MFCA: Collaborative prediction algorithm of brain age based on multimodal fuzzy feature fusion

Abstract

Brain age gap can be estimated from brain images, serving as a valuable biomarker for aging-associated diseases, using deep neural networks. Traditional brain age prediction methods tend to rely on unimodal data. Multimodal data can provide more comprehensive information and improve prediction accuracy. However, existing multimodal fusion methods often fall short in fully leveraging the correlations and complementarities between different modalities. This paper introduces a novel multimodal fuzzy feature fusion collaborative prediction algorithm for brain age estimation (MFCA). The proposed approach integrates multiple imaging modalities using a fuzzy fusion module and a multimodal collaborative convolutional module to effectively leverage inter-modal correlations and complementary information.
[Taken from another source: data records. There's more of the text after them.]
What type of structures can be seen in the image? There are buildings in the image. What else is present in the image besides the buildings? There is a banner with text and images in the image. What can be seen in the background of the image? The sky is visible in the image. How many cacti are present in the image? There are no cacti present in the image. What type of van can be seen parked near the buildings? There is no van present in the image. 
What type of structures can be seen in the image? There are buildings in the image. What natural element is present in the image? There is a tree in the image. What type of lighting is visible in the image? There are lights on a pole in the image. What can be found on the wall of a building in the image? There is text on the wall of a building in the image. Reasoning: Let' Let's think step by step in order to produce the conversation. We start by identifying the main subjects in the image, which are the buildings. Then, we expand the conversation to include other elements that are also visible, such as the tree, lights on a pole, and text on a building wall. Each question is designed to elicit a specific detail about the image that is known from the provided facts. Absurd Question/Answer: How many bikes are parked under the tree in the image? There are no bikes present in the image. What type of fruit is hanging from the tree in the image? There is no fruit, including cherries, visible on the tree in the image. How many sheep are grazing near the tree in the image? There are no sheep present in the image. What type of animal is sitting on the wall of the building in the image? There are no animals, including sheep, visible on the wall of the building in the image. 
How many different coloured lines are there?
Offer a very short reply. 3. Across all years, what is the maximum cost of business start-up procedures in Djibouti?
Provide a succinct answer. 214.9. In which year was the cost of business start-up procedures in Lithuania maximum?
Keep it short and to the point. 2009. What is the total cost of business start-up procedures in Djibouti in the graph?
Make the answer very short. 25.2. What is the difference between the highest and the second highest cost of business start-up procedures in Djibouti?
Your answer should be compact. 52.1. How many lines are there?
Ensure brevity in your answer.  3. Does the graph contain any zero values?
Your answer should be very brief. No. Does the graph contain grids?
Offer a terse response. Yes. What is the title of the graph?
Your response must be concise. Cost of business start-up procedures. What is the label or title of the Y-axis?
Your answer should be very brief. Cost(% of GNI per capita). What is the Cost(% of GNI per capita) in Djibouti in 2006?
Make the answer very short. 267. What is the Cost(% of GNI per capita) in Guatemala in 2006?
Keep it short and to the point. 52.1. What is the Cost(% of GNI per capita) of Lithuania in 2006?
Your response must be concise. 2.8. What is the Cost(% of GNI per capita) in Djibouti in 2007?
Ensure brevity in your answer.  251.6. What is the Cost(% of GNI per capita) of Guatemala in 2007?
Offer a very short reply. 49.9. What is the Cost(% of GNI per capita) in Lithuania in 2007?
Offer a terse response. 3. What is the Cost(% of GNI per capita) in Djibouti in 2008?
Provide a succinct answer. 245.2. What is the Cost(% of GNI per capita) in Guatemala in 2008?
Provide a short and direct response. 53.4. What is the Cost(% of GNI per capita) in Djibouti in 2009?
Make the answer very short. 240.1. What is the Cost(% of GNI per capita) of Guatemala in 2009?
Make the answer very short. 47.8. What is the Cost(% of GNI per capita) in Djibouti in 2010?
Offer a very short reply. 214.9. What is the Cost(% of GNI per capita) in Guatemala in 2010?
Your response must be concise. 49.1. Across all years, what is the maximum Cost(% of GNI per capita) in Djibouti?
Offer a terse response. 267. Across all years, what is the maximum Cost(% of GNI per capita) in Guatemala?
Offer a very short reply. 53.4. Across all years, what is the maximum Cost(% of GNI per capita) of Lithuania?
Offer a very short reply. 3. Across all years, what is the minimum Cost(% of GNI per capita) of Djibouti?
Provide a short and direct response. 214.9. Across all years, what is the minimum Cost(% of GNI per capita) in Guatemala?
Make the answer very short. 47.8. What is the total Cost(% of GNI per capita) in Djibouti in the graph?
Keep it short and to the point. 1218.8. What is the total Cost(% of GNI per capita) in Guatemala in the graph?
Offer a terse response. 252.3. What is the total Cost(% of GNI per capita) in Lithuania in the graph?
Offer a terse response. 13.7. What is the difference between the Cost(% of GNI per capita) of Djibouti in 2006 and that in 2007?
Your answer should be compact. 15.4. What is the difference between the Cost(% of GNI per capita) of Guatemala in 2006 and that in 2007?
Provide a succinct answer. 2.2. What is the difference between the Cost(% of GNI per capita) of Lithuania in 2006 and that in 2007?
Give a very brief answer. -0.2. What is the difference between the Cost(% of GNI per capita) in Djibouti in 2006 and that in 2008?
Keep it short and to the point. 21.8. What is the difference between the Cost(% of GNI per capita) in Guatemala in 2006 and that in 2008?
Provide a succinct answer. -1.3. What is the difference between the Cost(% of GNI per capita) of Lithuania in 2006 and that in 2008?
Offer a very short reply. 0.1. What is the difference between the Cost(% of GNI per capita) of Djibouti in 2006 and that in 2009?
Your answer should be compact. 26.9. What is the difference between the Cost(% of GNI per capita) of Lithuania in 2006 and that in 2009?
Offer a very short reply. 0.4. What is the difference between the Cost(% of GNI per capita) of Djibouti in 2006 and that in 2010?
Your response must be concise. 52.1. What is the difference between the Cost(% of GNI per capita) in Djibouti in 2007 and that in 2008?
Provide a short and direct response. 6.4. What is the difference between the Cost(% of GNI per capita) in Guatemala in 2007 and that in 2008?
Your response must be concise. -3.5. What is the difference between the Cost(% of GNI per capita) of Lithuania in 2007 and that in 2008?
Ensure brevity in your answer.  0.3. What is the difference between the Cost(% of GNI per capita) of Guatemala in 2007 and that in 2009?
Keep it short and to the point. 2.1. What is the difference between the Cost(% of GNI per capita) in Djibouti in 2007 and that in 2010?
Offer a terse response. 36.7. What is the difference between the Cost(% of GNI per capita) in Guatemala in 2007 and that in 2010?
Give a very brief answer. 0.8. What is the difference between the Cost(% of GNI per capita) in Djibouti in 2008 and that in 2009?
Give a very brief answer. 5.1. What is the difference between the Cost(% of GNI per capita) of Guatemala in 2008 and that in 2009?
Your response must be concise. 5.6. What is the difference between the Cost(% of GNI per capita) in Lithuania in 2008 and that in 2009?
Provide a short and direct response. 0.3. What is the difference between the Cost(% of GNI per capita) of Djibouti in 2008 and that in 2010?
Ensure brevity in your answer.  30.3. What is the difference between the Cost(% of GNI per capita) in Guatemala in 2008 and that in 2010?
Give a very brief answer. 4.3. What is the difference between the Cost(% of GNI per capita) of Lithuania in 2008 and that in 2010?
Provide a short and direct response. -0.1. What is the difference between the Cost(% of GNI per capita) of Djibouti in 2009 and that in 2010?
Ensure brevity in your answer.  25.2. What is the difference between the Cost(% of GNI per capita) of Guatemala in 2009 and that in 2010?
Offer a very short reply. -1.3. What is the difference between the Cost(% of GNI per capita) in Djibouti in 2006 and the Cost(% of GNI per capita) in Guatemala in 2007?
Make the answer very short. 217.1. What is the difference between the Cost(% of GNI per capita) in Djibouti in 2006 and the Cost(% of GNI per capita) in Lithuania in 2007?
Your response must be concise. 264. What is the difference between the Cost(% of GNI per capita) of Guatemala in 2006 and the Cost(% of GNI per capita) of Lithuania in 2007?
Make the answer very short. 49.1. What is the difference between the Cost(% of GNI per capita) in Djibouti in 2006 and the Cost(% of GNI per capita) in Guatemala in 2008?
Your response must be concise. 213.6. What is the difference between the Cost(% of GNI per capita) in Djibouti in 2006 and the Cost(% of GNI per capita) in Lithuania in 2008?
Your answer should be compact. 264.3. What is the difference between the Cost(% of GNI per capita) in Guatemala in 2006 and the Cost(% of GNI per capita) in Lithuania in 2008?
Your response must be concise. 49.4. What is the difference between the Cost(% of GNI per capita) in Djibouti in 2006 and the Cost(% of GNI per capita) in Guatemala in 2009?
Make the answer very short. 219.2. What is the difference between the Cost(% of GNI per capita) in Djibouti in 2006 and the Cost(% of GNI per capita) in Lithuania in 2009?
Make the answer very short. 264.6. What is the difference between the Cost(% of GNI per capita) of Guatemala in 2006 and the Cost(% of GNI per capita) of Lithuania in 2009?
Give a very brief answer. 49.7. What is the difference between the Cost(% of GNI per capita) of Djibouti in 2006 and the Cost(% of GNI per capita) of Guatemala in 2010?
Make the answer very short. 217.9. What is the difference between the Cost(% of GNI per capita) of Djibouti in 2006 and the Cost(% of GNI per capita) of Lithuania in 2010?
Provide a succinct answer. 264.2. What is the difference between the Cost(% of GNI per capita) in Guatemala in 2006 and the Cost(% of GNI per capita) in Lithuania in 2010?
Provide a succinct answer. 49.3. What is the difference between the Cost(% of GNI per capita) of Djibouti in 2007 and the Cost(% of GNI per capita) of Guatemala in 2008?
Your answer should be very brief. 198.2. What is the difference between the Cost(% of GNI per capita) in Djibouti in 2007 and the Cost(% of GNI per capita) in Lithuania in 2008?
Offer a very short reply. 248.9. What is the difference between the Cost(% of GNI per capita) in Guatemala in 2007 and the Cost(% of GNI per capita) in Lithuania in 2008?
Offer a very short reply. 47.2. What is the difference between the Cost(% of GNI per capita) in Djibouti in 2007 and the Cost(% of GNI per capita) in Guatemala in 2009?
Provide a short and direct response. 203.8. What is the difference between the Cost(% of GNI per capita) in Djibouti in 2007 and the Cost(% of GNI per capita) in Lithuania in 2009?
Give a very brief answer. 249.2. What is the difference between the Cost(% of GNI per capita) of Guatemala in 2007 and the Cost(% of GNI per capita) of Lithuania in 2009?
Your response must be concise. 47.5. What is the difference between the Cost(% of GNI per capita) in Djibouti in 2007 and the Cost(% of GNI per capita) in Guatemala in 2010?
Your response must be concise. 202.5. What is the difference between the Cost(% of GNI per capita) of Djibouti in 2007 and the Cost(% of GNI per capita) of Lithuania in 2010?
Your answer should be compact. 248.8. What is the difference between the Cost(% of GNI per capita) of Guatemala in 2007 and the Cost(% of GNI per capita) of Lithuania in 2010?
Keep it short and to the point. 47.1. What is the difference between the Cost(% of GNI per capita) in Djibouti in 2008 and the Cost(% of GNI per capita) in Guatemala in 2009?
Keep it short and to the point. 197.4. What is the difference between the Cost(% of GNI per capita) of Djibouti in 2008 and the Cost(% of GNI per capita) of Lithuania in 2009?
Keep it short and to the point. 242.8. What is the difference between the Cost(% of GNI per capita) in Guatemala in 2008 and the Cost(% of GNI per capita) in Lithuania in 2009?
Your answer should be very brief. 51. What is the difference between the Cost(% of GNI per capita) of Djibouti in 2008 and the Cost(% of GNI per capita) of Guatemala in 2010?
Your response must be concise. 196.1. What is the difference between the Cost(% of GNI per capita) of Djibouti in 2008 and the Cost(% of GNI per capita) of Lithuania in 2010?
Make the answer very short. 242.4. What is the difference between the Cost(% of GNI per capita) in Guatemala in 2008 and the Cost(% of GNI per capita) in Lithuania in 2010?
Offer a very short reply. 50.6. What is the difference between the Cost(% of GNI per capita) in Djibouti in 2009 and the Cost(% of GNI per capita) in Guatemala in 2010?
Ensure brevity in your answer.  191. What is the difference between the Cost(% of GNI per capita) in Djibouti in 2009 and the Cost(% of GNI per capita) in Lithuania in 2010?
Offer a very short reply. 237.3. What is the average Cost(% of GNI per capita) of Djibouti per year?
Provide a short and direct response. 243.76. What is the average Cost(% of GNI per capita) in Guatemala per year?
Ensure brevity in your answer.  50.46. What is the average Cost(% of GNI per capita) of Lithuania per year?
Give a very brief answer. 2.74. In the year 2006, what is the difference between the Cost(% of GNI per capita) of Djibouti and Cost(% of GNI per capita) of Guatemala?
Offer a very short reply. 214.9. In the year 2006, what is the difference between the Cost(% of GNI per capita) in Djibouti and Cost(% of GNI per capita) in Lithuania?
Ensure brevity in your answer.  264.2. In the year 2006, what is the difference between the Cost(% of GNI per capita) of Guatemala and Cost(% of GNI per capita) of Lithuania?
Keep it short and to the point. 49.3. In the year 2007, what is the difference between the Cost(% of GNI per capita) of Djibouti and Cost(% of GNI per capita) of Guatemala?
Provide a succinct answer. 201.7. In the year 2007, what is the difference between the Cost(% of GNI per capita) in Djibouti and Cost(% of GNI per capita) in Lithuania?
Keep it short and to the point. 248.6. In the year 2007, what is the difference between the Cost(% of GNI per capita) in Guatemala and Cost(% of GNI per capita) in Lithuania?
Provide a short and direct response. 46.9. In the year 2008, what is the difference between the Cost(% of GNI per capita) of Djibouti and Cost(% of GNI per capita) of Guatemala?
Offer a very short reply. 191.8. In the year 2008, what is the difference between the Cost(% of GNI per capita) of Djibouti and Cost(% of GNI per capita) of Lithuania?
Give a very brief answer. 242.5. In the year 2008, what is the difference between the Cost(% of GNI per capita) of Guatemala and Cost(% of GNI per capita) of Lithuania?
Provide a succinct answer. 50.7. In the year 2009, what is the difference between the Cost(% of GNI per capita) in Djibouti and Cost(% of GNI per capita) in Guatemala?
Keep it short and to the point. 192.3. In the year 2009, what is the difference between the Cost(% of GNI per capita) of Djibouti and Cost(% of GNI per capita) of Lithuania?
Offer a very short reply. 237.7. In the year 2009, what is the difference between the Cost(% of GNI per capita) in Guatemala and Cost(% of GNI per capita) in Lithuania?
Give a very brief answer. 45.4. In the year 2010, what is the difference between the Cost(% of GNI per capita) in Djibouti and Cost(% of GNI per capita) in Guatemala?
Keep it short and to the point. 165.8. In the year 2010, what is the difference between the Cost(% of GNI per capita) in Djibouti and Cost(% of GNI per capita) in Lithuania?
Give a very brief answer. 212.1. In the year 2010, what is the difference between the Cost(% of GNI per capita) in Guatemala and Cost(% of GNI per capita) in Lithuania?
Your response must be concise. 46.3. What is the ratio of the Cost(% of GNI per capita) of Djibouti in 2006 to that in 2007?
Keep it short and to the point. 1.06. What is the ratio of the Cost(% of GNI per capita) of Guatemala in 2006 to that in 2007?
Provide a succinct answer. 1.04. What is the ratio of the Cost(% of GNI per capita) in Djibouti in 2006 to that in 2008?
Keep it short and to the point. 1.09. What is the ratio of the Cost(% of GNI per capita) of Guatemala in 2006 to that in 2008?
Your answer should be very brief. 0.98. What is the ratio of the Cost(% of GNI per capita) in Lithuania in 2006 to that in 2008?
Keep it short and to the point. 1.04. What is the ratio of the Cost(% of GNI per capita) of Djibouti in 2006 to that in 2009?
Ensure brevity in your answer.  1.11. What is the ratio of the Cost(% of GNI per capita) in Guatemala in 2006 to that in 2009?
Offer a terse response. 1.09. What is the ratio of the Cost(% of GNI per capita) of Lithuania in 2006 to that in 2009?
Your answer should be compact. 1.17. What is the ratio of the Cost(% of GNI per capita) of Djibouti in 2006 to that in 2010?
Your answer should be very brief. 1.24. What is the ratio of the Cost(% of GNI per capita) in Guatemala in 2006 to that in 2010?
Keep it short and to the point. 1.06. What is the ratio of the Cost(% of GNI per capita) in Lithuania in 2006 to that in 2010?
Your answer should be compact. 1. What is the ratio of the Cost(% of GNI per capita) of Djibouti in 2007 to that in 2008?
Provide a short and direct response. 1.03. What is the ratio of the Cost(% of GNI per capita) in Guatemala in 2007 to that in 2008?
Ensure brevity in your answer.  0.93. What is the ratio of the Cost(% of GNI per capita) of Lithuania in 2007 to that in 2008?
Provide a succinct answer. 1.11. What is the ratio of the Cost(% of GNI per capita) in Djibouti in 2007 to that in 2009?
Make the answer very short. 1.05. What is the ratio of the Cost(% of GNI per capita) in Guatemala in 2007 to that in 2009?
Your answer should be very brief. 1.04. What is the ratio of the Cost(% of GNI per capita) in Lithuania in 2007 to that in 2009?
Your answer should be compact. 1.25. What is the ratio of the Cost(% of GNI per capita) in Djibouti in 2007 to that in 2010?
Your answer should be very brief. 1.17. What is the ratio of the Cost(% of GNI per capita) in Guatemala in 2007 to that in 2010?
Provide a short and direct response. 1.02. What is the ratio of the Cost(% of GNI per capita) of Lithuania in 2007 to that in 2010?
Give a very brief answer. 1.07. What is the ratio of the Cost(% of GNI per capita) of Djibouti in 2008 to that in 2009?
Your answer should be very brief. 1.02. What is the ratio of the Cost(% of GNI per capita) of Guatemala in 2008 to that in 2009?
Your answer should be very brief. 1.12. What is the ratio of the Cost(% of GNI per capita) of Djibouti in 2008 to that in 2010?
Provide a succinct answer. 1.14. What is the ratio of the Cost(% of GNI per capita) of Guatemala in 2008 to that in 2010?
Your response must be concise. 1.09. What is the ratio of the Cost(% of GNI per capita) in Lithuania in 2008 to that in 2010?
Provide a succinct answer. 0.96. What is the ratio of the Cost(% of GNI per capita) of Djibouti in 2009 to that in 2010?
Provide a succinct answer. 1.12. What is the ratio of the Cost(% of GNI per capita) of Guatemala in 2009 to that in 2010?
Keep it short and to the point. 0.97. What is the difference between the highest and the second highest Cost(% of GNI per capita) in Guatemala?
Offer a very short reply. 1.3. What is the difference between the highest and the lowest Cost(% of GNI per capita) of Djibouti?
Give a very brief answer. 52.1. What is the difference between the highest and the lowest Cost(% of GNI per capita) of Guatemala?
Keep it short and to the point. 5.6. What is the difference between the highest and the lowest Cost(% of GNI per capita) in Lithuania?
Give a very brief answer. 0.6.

Specifically, a convolutional neural network is used to extract feature from multimodal brain images, which are then combined into a global feature tensor via radial joins. The fuzzy fusion module employs fuzzy theory to fuse the correlation features of different modalities, while the multimodal collaborative convolutional module enhances complementary information through modality-specific convolutional layers. Age prediction is then performed by an age prediction module containing three linear regression modules. Additionally, an optimized sorting contrast loss is incorporated to improve the accuracy of age prediction. The proposed method was evaluated on the SRPBS multi-disorder MRI dataset, and the experimental results demonstrate that MFCA achieves a mean absolute error of 5.661 and a Pearson correlation coefficient of 0.947, outperforming several state-of-the-art methods.